I was in a similar situation as you 25 years ago.

First what will your status be in the US, ie what visa?

Will you be leaving any money, savings or investments in the UK.If the answer is no your life will be much simpler as far as US tax goes.

I agree with LBYM!!!!!! It's the most important thing to do as you can't sensibly save or invest without it.

Read the wiki over at about investing and start saving money in the US as soon as you can. Depending on your exact tax residency your US income and investment gains will probably not be liable to any UK tax. Here is a list of things to do.
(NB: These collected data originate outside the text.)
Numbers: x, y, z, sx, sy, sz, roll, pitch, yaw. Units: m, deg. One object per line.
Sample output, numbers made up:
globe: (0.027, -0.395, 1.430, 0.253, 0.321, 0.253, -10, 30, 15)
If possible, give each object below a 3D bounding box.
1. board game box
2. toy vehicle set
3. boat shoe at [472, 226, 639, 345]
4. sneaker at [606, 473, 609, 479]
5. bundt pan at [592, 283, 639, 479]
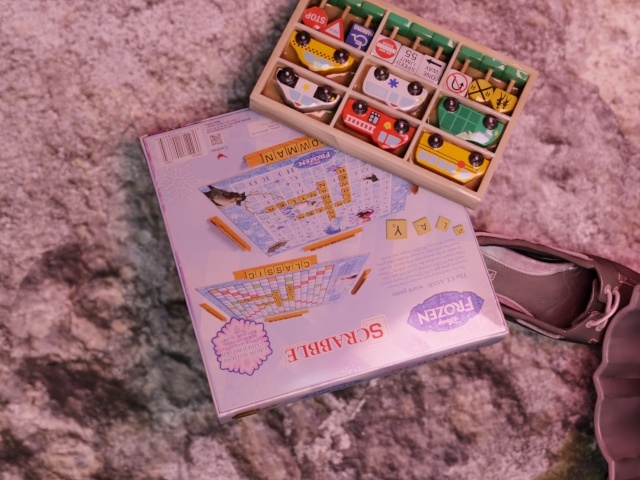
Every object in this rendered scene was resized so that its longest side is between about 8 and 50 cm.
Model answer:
board game box: (0.000, 0.000, 1.429, 0.319, 0.066, 0.318, -15, 76, -6)
toy vehicle set: (0.079, -0.161, 1.422, 0.267, 0.035, 0.166, 24, 73, 2)
boat shoe: (0.260, 0.059, 1.548, 0.335, 0.095, 0.112, 17, 100, -14)
sneaker: (0.397, 0.403, 1.636, 0.116, 0.136, 0.314, 2, 103, -10)
bundt pan: (0.458, 0.185, 1.460, 0.124, 0.331, 0.331, 2, 104, -34)
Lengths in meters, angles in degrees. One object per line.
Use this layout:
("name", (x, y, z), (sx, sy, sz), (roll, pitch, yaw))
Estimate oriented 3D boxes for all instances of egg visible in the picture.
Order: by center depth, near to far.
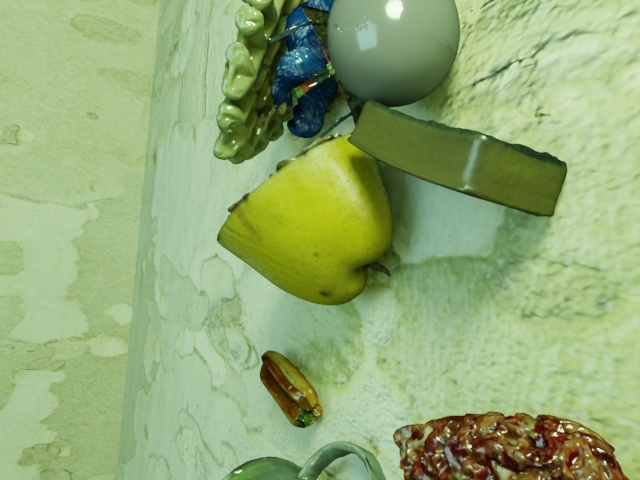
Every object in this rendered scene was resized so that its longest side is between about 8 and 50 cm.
("egg", (0.080, -0.236, 0.522), (0.198, 0.147, 0.146), (-91, 26, -48))

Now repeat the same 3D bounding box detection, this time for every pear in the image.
("pear", (0.000, -0.001, 0.607), (0.178, 0.267, 0.267), (60, 140, 9))

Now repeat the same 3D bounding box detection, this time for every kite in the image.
("kite", (0.029, -0.244, 0.635), (0.160, 0.182, 0.010), (-32, 36, -1))

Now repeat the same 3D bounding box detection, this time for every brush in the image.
("brush", (0.125, -0.084, 0.449), (0.197, 0.123, 0.059), (39, 115, 53))

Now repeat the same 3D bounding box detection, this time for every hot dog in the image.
("hot dog", (-0.050, 0.240, 0.754), (0.188, 0.055, 0.072), (30, 114, 56))

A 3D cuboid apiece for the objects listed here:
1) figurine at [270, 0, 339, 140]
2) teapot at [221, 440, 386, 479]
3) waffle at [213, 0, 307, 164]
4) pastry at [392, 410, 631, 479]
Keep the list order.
("figurine", (0.001, -0.272, 0.695), (0.262, 0.121, 0.164), (101, -170, -45))
("teapot", (-0.012, 0.384, 0.563), (0.337, 0.200, 0.270), (-3, 58, 60))
("waffle", (-0.085, -0.278, 0.747), (0.291, 0.056, 0.309), (-55, -18, -62))
("pastry", (0.153, 0.195, 0.383), (0.208, 0.115, 0.097), (-35, 44, 54))
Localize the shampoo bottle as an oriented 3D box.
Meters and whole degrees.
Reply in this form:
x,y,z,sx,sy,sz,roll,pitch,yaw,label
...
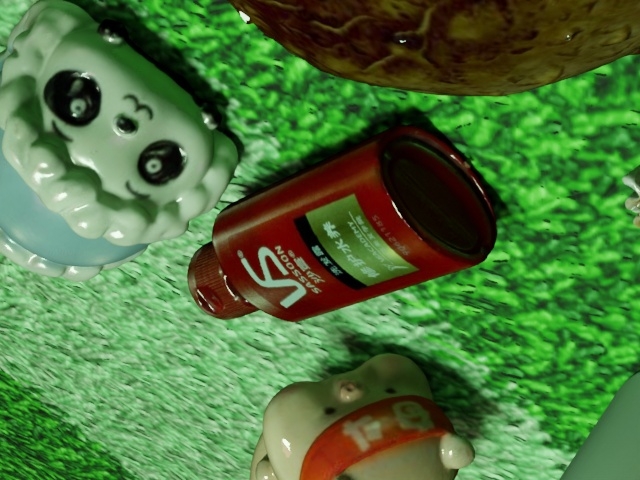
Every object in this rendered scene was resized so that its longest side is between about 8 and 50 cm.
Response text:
x,y,z,sx,sy,sz,roll,pitch,yaw,label
0.000,0.000,1.194,0.118,0.076,0.314,43,148,-18,shampoo bottle

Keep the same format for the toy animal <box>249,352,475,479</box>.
x,y,z,sx,sy,sz,roll,pitch,yaw,label
0.024,0.183,1.317,0.171,0.171,0.197,42,155,-11,toy animal

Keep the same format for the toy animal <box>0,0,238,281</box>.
x,y,z,sx,sy,sz,roll,pitch,yaw,label
-0.186,-0.064,1.215,0.208,0.156,0.204,41,152,-15,toy animal

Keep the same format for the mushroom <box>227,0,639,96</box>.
x,y,z,sx,sy,sz,roll,pitch,yaw,label
0.064,-0.204,0.738,0.345,0.239,0.345,18,169,4,mushroom

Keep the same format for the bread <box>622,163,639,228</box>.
x,y,z,sx,sy,sz,roll,pitch,yaw,label
0.278,0.041,0.955,0.136,0.107,0.241,14,142,36,bread

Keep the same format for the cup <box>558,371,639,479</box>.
x,y,z,sx,sy,sz,roll,pitch,yaw,label
0.237,0.279,1.078,0.253,0.371,0.253,28,143,23,cup
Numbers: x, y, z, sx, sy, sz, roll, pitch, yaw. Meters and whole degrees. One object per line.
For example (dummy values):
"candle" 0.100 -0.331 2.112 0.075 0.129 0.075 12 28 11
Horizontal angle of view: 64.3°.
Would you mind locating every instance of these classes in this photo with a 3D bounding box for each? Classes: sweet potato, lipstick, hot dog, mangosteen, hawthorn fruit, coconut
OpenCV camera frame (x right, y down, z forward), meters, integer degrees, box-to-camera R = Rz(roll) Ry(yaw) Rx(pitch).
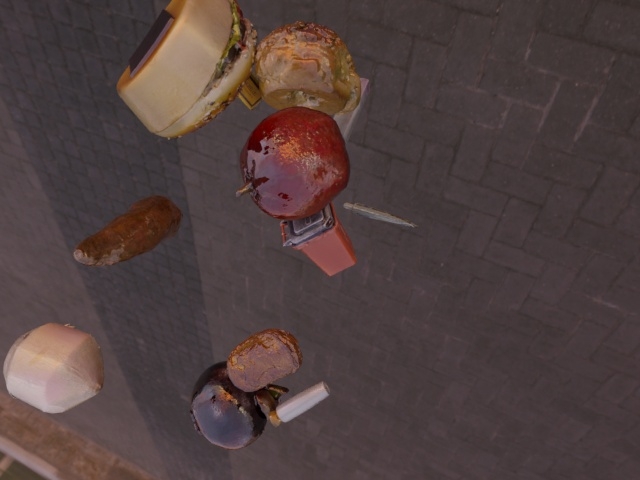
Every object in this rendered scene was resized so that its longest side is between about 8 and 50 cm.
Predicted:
"sweet potato" -0.328 -0.022 0.917 0.097 0.292 0.097 3 106 10
"lipstick" 0.091 -0.440 1.817 0.068 0.317 0.066 16 159 18
"hot dog" -0.103 0.221 0.948 0.147 0.065 0.099 -31 90 10
"mangosteen" -0.288 0.570 1.819 0.307 0.346 0.307 158 90 -80
"hawthorn fruit" -0.063 -0.146 0.999 0.215 0.249 0.215 50 158 28
"coconut" -0.667 0.332 1.308 0.233 0.224 0.224 13 140 -2

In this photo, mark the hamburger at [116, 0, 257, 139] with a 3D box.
"hamburger" -0.242 -0.332 0.963 0.300 0.300 0.176 -16 141 43

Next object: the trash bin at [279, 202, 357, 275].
"trash bin" 0.000 0.000 1.625 0.184 0.161 0.239 -25 133 12

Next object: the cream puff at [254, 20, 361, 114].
"cream puff" -0.032 -0.519 1.539 0.342 0.231 0.327 8 172 -17

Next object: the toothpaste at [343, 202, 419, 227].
"toothpaste" 0.184 -0.078 1.591 0.255 0.067 0.037 19 97 29

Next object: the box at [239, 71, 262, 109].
"box" -0.314 -0.576 1.631 0.301 0.084 0.193 49 -177 25

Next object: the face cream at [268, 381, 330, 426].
"face cream" -0.059 0.458 1.425 0.051 0.182 0.072 60 -174 26
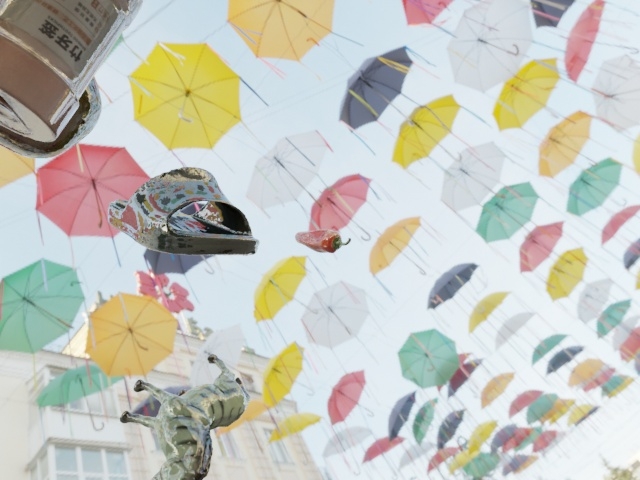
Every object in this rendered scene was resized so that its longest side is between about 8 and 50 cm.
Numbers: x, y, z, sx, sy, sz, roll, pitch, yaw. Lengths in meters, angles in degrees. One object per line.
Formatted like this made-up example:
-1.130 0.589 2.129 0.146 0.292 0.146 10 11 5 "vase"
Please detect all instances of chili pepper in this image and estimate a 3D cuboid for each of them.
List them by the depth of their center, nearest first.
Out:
-0.001 0.001 1.103 0.059 0.191 0.050 -27 -70 -32 "chili pepper"

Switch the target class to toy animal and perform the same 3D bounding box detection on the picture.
-0.157 0.227 0.647 0.217 0.176 0.073 -12 -65 -56 "toy animal"

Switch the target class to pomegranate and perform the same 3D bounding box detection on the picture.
-0.416 -0.197 0.713 0.180 0.179 0.210 19 -23 -40 "pomegranate"

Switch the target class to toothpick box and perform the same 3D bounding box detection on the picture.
-0.225 -0.169 0.413 0.098 0.098 0.148 43 -117 -45 "toothpick box"

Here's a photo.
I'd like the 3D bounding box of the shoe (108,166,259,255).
-0.169 -0.042 0.587 0.108 0.241 0.093 4 -82 -46 "shoe"
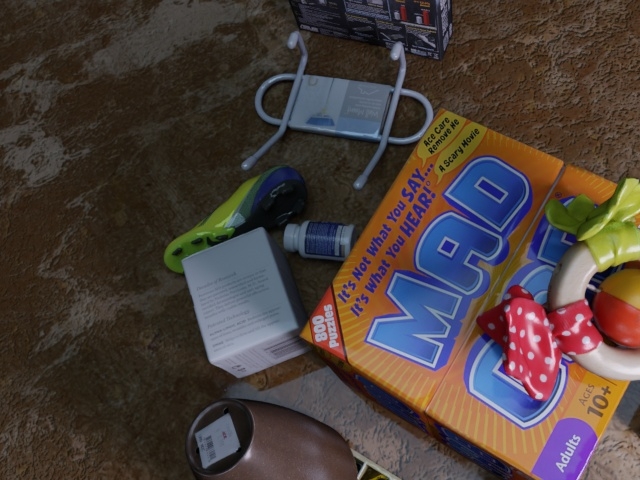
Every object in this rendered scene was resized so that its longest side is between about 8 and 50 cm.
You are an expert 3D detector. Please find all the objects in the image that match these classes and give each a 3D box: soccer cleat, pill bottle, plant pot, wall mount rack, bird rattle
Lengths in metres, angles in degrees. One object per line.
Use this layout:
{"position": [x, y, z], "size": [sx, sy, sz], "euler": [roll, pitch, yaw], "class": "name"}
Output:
{"position": [-0.154, -0.037, 1.325], "size": [0.289, 0.093, 0.121], "euler": [-32, 36, 4], "class": "soccer cleat"}
{"position": [0.000, 0.000, 1.275], "size": [0.120, 0.067, 0.067], "euler": [5, 71, 13], "class": "pill bottle"}
{"position": [-0.088, 0.321, 1.053], "size": [0.215, 0.230, 0.216], "euler": [-15, 52, 20], "class": "plant pot"}
{"position": [0.016, -0.222, 1.320], "size": [0.349, 0.130, 0.304], "euler": [11, 73, 16], "class": "wall mount rack"}
{"position": [0.302, 0.063, 0.776], "size": [0.206, 0.143, 0.254], "euler": [27, 80, 1], "class": "bird rattle"}

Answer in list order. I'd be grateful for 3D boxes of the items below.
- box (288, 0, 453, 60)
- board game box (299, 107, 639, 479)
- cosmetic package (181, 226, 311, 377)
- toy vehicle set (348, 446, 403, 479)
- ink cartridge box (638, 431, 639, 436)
{"position": [0.081, -0.453, 1.333], "size": [0.307, 0.242, 0.077], "euler": [18, 74, 18], "class": "box"}
{"position": [0.242, 0.107, 1.026], "size": [0.356, 0.356, 0.357], "euler": [29, 78, 19], "class": "board game box"}
{"position": [-0.115, 0.106, 1.214], "size": [0.151, 0.151, 0.184], "euler": [-22, 66, 3], "class": "cosmetic package"}
{"position": [0.032, 0.461, 1.093], "size": [0.165, 0.035, 0.267], "euler": [25, 71, 23], "class": "toy vehicle set"}
{"position": [0.609, 0.196, 1.003], "size": [0.198, 0.197, 0.270], "euler": [30, 78, 20], "class": "ink cartridge box"}
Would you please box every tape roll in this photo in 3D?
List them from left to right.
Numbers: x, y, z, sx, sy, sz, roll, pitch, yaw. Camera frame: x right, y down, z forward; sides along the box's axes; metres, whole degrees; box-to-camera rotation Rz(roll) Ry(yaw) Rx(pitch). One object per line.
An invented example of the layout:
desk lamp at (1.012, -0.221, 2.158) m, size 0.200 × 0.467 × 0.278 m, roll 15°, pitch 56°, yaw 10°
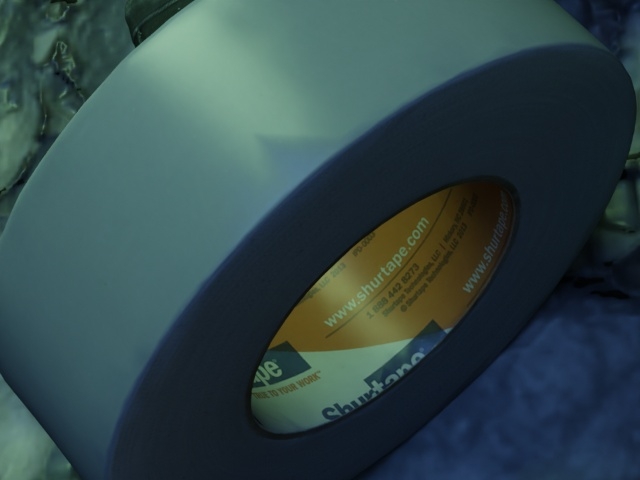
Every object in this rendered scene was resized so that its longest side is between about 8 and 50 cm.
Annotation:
tape roll at (0.000, 0.000, 0.644) m, size 0.219 × 0.219 × 0.072 m, roll -42°, pitch 66°, yaw -1°

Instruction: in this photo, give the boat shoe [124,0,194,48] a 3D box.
boat shoe at (0.023, -0.119, 0.757) m, size 0.219 × 0.078 × 0.070 m, roll -27°, pitch 67°, yaw 8°
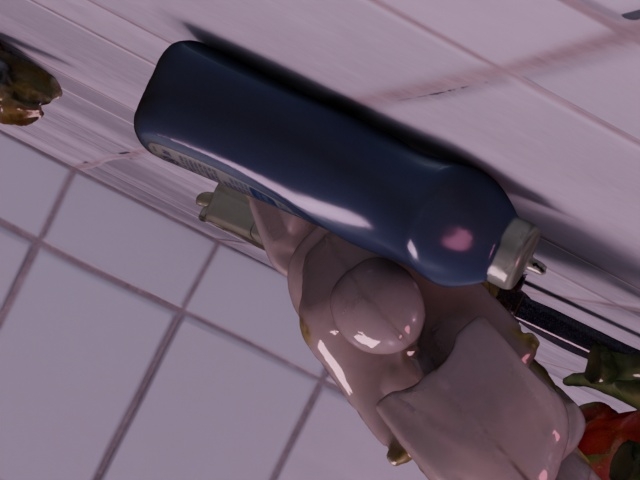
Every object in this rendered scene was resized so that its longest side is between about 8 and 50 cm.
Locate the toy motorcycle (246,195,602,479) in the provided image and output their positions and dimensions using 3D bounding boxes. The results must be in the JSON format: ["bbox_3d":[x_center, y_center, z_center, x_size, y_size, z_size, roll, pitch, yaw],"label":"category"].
[{"bbox_3d":[0.056,0.059,1.033,0.223,0.108,0.340,45,-175,-44],"label":"toy motorcycle"}]

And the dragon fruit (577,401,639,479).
[{"bbox_3d":[0.316,0.215,1.592,0.269,0.200,0.198,-17,152,18],"label":"dragon fruit"}]

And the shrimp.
[{"bbox_3d":[-0.278,-0.133,1.512,0.168,0.077,0.317,16,-172,-41],"label":"shrimp"}]

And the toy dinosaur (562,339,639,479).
[{"bbox_3d":[0.311,0.119,1.043,0.301,0.087,0.447,8,-174,-12],"label":"toy dinosaur"}]

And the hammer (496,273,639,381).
[{"bbox_3d":[0.220,0.086,1.295,0.290,0.037,0.137,26,178,17],"label":"hammer"}]

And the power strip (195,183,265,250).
[{"bbox_3d":[0.000,0.000,1.494,0.288,0.053,0.093,24,177,39],"label":"power strip"}]

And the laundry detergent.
[{"bbox_3d":[0.015,-0.029,0.923,0.206,0.061,0.096,25,174,12],"label":"laundry detergent"}]
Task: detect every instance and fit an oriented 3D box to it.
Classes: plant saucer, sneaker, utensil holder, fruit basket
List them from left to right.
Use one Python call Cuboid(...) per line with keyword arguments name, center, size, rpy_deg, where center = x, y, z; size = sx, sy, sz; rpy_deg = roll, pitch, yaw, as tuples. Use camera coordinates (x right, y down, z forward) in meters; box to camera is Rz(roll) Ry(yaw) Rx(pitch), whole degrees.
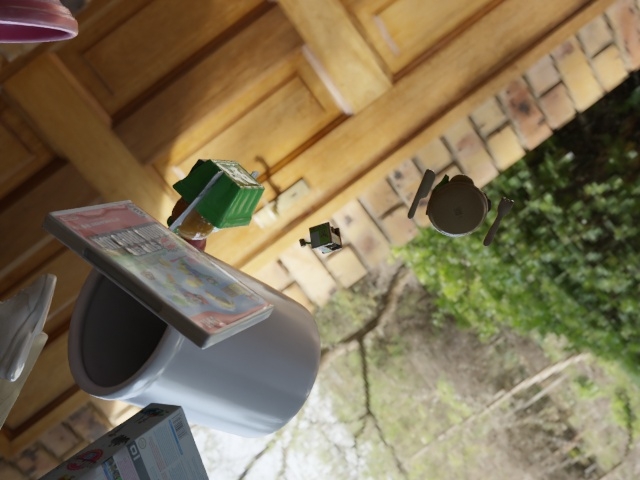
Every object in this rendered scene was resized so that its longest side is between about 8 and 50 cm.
Cuboid(name="plant saucer", center=(-0.641, -0.442, 1.828), size=(0.332, 0.331, 0.084), rpy_deg=(-116, 26, -85))
Cuboid(name="sneaker", center=(-0.453, 0.110, 1.381), size=(0.094, 0.080, 0.212), rpy_deg=(18, -147, -6))
Cuboid(name="fruit basket", center=(-0.311, -0.043, 2.279), size=(0.165, 0.353, 0.327), rpy_deg=(49, -166, 7))
Cuboid(name="utensil holder", center=(-0.232, 0.191, 1.827), size=(0.385, 0.328, 0.328), rpy_deg=(29, -163, -40))

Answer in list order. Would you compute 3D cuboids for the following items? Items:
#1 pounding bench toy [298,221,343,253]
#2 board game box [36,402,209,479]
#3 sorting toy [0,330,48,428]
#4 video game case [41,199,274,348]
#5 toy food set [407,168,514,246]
Cuboid(name="pounding bench toy", center=(0.000, 0.000, 2.146), size=(0.065, 0.083, 0.052), rpy_deg=(29, -132, -60))
Cuboid(name="board game box", center=(-0.317, 0.428, 1.483), size=(0.097, 0.303, 0.224), rpy_deg=(-3, 111, 43))
Cuboid(name="sorting toy", center=(-0.775, 0.278, 2.074), size=(0.089, 0.257, 0.255), rpy_deg=(30, -178, 37))
Cuboid(name="video game case", center=(-0.220, 0.038, 1.314), size=(0.285, 0.025, 0.204), rpy_deg=(35, -162, 14))
Cuboid(name="toy food set", center=(0.282, -0.070, 1.927), size=(0.192, 0.132, 0.038), rpy_deg=(21, -155, -6))
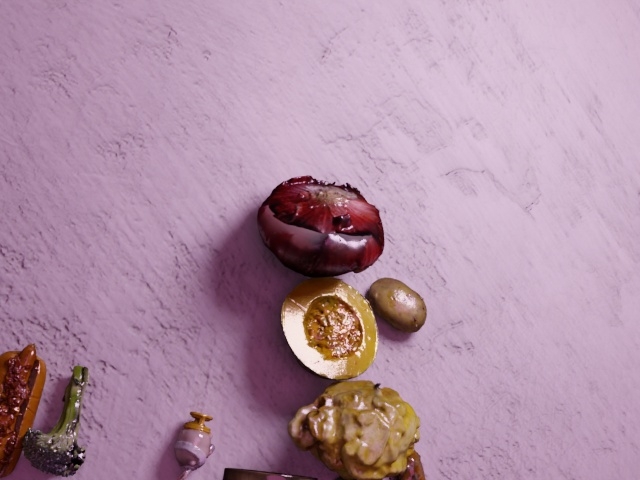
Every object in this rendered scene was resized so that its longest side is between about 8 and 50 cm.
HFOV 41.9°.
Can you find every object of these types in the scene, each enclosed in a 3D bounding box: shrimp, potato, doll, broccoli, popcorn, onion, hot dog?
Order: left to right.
[{"bbox_3d":[-0.563,0.302,1.501,0.102,0.076,0.249,16,74,-9],"label":"hot dog"},{"bbox_3d":[-0.462,0.326,1.517,0.122,0.118,0.204,24,52,-19],"label":"broccoli"},{"bbox_3d":[-0.235,0.395,1.582,0.084,0.073,0.127,31,65,-41],"label":"doll"},{"bbox_3d":[0.000,0.000,1.677,0.271,0.195,0.272,9,33,-6],"label":"onion"},{"bbox_3d":[0.067,0.349,1.581,0.265,0.233,0.192,10,99,-34],"label":"popcorn"},{"bbox_3d":[0.152,0.490,1.677,0.132,0.051,0.188,1,80,-16],"label":"shrimp"},{"bbox_3d":[0.164,0.135,1.754,0.138,0.070,0.092,38,69,-5],"label":"potato"}]

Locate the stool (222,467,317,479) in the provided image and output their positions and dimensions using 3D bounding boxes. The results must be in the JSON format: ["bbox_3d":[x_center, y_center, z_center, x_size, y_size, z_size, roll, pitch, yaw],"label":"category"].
[{"bbox_3d":[-0.107,0.558,1.520,0.179,0.179,0.264,11,75,-13],"label":"stool"}]

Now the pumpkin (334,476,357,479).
[{"bbox_3d":[0.053,0.584,1.569,0.111,0.163,0.279,1,76,-17],"label":"pumpkin"}]

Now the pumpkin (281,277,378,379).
[{"bbox_3d":[0.009,0.191,1.684,0.217,0.110,0.218,11,58,-17],"label":"pumpkin"}]
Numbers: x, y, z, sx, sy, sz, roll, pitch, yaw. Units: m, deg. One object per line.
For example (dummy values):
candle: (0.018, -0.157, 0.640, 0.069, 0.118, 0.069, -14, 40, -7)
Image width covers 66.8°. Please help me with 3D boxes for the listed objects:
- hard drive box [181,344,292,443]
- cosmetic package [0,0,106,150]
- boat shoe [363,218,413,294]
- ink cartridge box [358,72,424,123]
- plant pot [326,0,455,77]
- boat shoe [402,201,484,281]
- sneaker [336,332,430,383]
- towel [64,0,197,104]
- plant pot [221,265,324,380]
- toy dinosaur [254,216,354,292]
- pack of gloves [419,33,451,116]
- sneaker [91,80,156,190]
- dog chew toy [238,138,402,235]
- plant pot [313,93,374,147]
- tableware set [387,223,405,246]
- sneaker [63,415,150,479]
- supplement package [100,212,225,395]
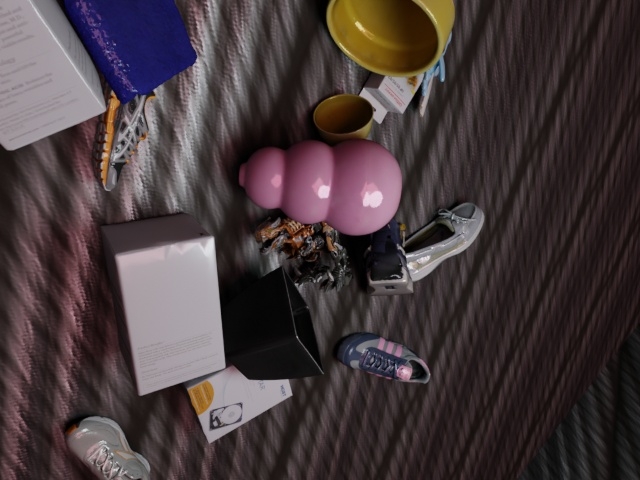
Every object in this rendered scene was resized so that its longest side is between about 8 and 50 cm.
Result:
hard drive box: (-0.203, 0.344, 1.176, 0.232, 0.089, 0.180, -25, 120, -24)
cosmetic package: (-0.442, -0.332, 0.595, 0.156, 0.217, 0.384, -26, 141, -5)
boat shoe: (0.173, 0.052, 1.248, 0.127, 0.340, 0.157, -3, 76, 5)
ink cartridge box: (0.177, -0.380, 1.167, 0.104, 0.062, 0.181, 31, 89, -38)
plant pot: (0.172, -0.517, 1.015, 0.254, 0.254, 0.238, 38, 69, -37)
boat shoe: (0.334, -0.012, 1.381, 0.321, 0.118, 0.103, -35, 128, -10)
sneaker: (0.195, 0.350, 1.414, 0.319, 0.131, 0.112, 16, 98, -36)
towel: (-0.332, -0.395, 0.768, 0.308, 0.077, 0.227, 67, 31, -29)
plant pot: (-0.113, 0.199, 1.062, 0.167, 0.188, 0.187, -19, 139, 5)
toy dinosaur: (0.000, 0.000, 1.150, 0.322, 0.164, 0.218, -10, 98, -18)
pack of gloves: (0.291, -0.429, 1.155, 0.195, 0.046, 0.231, 21, 87, -75)
sneaker: (-0.356, -0.192, 0.878, 0.083, 0.084, 0.214, 8, 102, -40)
dog chew toy: (-0.004, -0.121, 1.027, 0.333, 0.206, 0.206, 6, 106, -5)
plant pot: (0.057, -0.253, 1.109, 0.134, 0.134, 0.095, -38, 148, -16)
tableware set: (0.176, -0.047, 1.305, 0.154, 0.024, 0.103, 22, 64, -40)
sneaker: (-0.444, 0.486, 1.051, 0.099, 0.121, 0.262, -39, 124, -16)
supplement package: (-0.310, 0.115, 0.963, 0.178, 0.175, 0.292, -12, 114, -29)

As you can do each one move to the next.

1) Save 6 months funds in a bank savings account.
2) contribute to any retirement accounts your employer provides, try to put in enough to get the maximum match from your employer after that try to max out your contributions
3) open an account with a mutual fund company like Vanguard or Fidelity or a discount broker like Charles Schwab and start investing money in equities and bonds etc....I'd start with index funds (they are the same as UK tracker funds)
4)With your mutual fund company open a ROTH account and put in as much as you can. This is a bit like an ISA, but it's meant for retirement.

Also remember to contact HMRC in the UK to see if you can make voluntary Class 2 NI payments as they are really inexpensive, about 2.50 pounds a week, and they go towards your qualification for UK basic state pension. If you are working in the US for a US employer you'll probably qualify.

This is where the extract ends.